Poi lo misi a fuoco.

Dovevo averlo visto a lezione di matematica o a chimica, ma non avevamo mai parlato, non solo perché io ero il “nuovo arrivato”, quello che secondo la Legge del Liceo non deve avere amici, ma anche perché mi sembrava...al di là della mia portata.

Decisamente più grosso di me di stazza (ma chiunque, andiamo, era più grosso di me), il ragazzo aveva corti capelli blu zaffiro, ordinati e tirati indietro sulla testa con il gel; occhi meravigliosamente verdi e spaventosi, quasi sempre privi di attenzione, come quelli di una bambola o una statua; un viso giovane che, dandogli tempo, sarebbe diventato quello di un uomo affascinante.

« Posso sedermi? » chiese.

Ancora intontito annuì, spostandomi un poco per fargli spazio.

Dio, che idiota, c’era un sacco di spazio, gli spalti erano vuoti. Dovevo sembrare un disperato.

Per un po’ il ragazzo non disse niente, e io dimenticati che dovevo mangiare, prendere le medicine con il succo d’arancia, e respirare, respirare per evitare di morire.

« Ci conosciamo…? »

« Questa è tua? » mi interruppe, praticamente spingendomi in faccia la mia sciarpa, la mia sciarpa magica.

Battei le palpebre così forte che per un attimo temetti che mi schizzassero via.

« Sì...no...come…?! »

« Ne avevo abbastanza di quegli stronzi. » aveva un leggero accento straniero, forse francese, e da come aveva sputato fuori quella parolaccia sembrava un tipo non abituato a imprecare.

Lo trovai assurdamente adorabile e sentii uno strano calore prendermi le guance.

« Grazie. » mormorai, e presi la sciarpa.

Puzzava un po’ di colonia, un profumo da grandi che doveva essersi spruzzato addosso il capo dei bulli. Era disgustoso, ma non mi importava, me la misi addosso e mi sentii subito meglio.

La cicatrice era sparita, e io ero di nuovo normale.

« Mi chiamo Lea. » gli dissi poi, allungano la mano, come se mi fossi ricordata all’ultimo momento che non mi ero neanche presentato con lui. Che stupido.

« Isa. »

Aveva la pelle talmente chiara da sembrare abbronzata al chiaro di Luna.

Guardandolo da vicino notai che aveva il labbro spaccato e sangue rappreso su uno zigomo che andava trasformandosi in un livido.

Sentii un gemito sofferente uscirmi dalle labbra senza il mio controllo, poi gli afferrai il viso con entrambe le mani per controllarlo meglio.
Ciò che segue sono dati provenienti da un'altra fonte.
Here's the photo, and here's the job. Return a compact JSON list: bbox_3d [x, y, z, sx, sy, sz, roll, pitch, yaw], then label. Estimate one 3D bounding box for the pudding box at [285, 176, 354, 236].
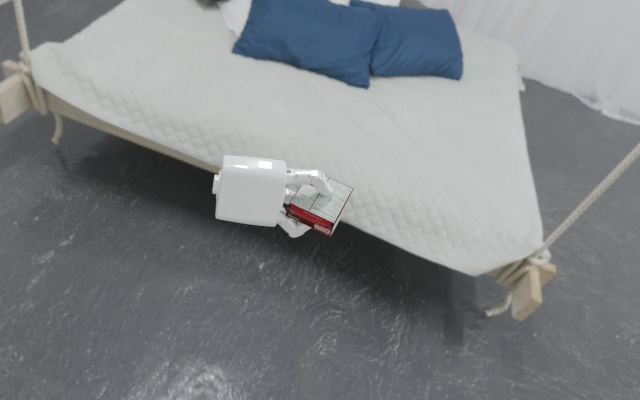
[{"bbox_3d":[0.000,0.003,0.865,0.090,0.039,0.113,26,44,6],"label":"pudding box"}]
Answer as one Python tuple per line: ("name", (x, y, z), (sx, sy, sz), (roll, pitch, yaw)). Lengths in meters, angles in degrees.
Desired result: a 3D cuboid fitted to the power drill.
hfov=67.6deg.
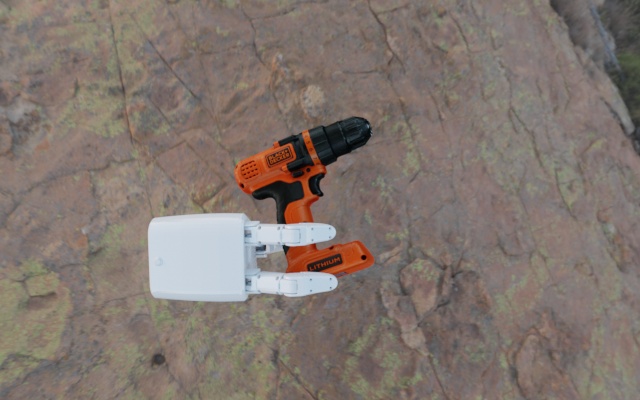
("power drill", (0.000, 0.002, 0.589), (0.184, 0.187, 0.057), (-22, -17, 9))
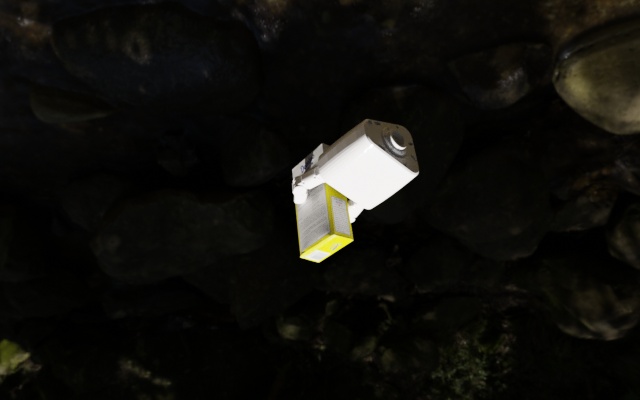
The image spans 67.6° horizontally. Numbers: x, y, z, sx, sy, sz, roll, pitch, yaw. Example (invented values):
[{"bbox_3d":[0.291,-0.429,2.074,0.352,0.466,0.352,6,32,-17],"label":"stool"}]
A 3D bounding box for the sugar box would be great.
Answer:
[{"bbox_3d":[0.001,0.003,0.791,0.048,0.176,0.093,20,-39,-33],"label":"sugar box"}]
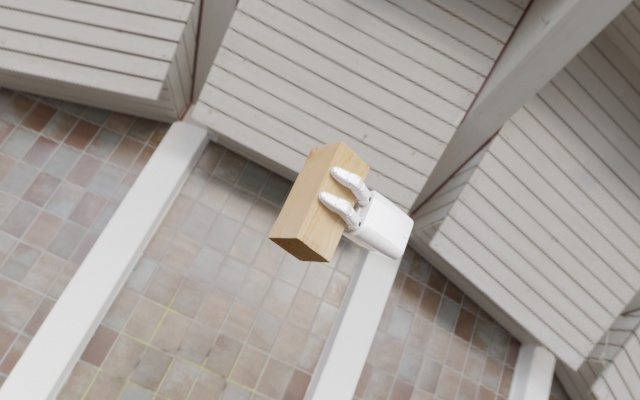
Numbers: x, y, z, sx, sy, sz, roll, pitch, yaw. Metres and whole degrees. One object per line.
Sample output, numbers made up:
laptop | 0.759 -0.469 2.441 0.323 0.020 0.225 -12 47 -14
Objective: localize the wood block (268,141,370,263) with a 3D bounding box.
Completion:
wood block | 0.000 0.003 0.890 0.090 0.206 0.091 40 -28 -31
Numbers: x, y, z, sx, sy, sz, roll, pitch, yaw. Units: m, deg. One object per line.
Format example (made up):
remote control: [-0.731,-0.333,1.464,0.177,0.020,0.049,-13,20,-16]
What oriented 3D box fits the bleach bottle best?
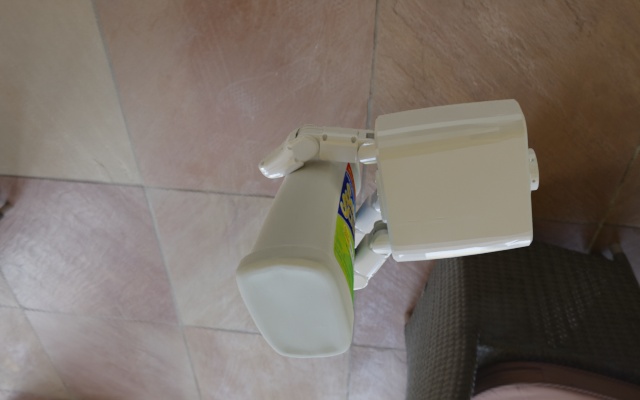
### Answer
bleach bottle: [0.000,0.001,0.411,0.068,0.103,0.250,-7,36,14]
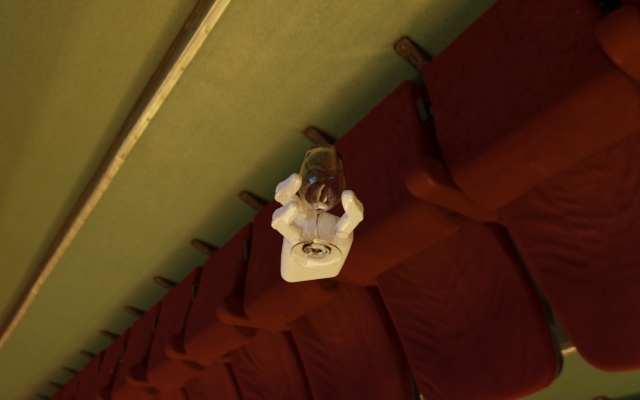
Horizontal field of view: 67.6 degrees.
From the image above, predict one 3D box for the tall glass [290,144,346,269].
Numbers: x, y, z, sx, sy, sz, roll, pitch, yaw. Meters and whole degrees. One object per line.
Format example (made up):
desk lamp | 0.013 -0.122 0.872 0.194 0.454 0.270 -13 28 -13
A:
tall glass | 0.000 0.003 0.741 0.079 0.200 0.079 3 -40 2
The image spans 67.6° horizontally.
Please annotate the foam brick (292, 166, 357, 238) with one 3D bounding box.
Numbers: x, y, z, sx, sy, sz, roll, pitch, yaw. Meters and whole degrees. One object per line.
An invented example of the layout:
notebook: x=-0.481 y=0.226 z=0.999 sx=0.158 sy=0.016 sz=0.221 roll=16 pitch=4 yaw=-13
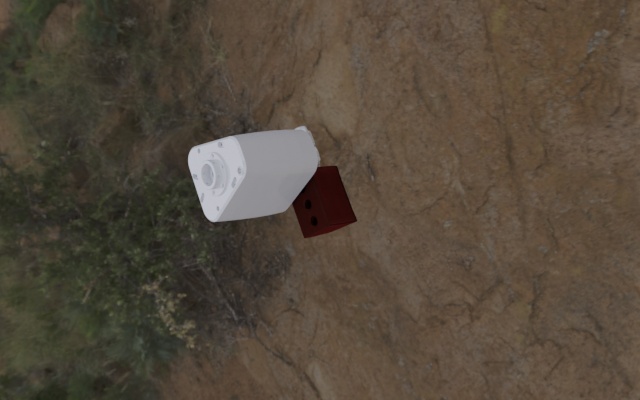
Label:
foam brick: x=0.000 y=0.002 z=0.604 sx=0.051 sy=0.078 sz=0.053 roll=-10 pitch=-14 yaw=-47
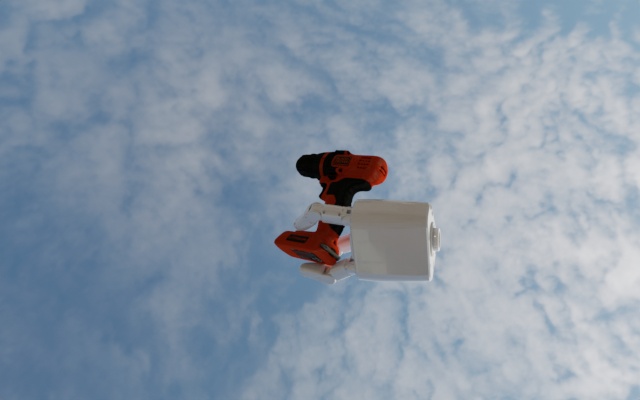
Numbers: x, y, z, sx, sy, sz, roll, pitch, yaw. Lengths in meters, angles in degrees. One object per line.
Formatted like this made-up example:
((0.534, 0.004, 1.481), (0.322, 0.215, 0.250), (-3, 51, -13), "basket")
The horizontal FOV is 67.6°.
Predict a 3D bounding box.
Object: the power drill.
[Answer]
((0.000, 0.003, 0.765), (0.184, 0.187, 0.057), (6, -26, 44), "power drill")
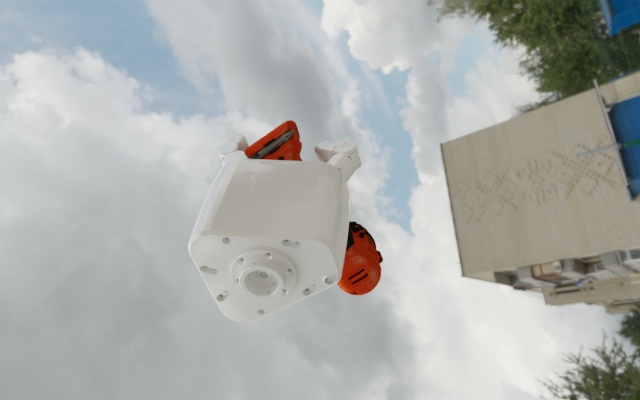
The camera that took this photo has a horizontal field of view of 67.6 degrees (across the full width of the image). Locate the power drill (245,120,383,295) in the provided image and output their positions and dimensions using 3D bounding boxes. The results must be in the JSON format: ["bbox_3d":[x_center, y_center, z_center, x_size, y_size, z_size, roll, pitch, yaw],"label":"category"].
[{"bbox_3d":[0.000,0.001,0.527,0.057,0.187,0.184,-36,7,4],"label":"power drill"}]
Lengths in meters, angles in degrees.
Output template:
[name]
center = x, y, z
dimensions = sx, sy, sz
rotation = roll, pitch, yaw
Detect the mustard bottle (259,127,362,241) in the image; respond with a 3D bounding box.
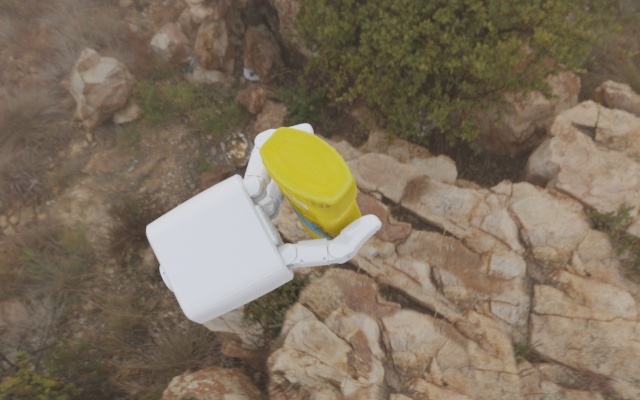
[mustard bottle]
center = 0.000, 0.001, 0.510
dimensions = 0.096, 0.058, 0.192
rotation = 35, -13, 20
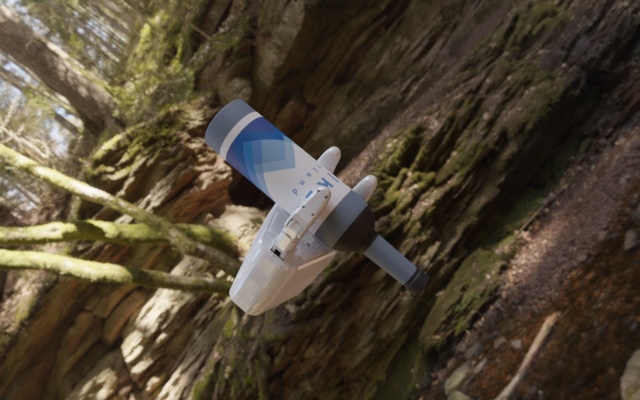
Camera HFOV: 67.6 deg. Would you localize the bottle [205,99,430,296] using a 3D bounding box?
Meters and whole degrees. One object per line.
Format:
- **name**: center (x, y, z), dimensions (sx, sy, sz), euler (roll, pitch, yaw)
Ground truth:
- **bottle**: center (0.000, 0.002, 0.544), dimensions (0.295, 0.069, 0.069), euler (40, 5, 6)
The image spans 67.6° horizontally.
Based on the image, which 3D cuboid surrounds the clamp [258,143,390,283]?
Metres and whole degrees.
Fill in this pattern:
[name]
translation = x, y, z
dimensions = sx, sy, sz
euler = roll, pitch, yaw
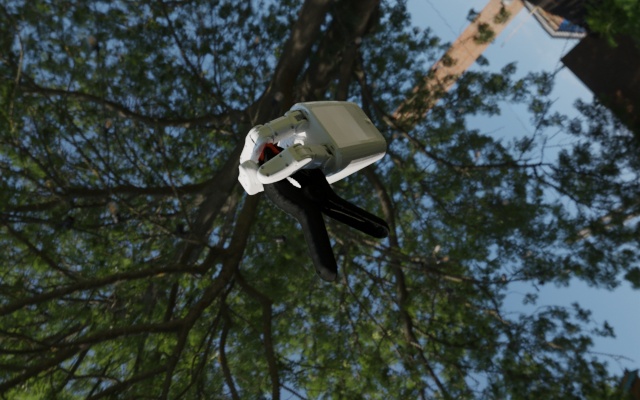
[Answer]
[clamp]
translation = 0.000, 0.002, 0.534
dimensions = 0.120, 0.171, 0.039
euler = -17, -24, -48
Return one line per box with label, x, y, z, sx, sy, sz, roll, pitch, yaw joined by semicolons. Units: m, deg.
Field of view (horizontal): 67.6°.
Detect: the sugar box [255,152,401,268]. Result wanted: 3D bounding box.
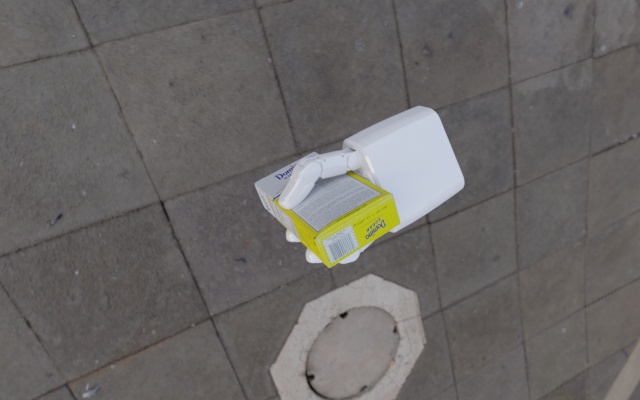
sugar box;0.000;0.002;0.542;0.093;0.048;0.176;-29;28;-15

« Hai fatto a pugni con quei bastardi! » non era neanche una domanda.

« Circa. Ahi. » fece lui, storcendo il naso quando sfiorai il livido con un pollice.

Lo lasciai andare scusandomi, ma scossi la testa. « Non avresti dovuto, adesso tormenteranno anche te. »

Lui si strinse nelle spalle, e chiese: « Posso rimanere a pranzare qui? »

Che stupido. Uno stupido piuttosto carino.

« Sì, certo. »

Dovevo proprio raccontarlo a mia madre, adesso ci avrebbe creduto: la mia sciarpa era davvero magica.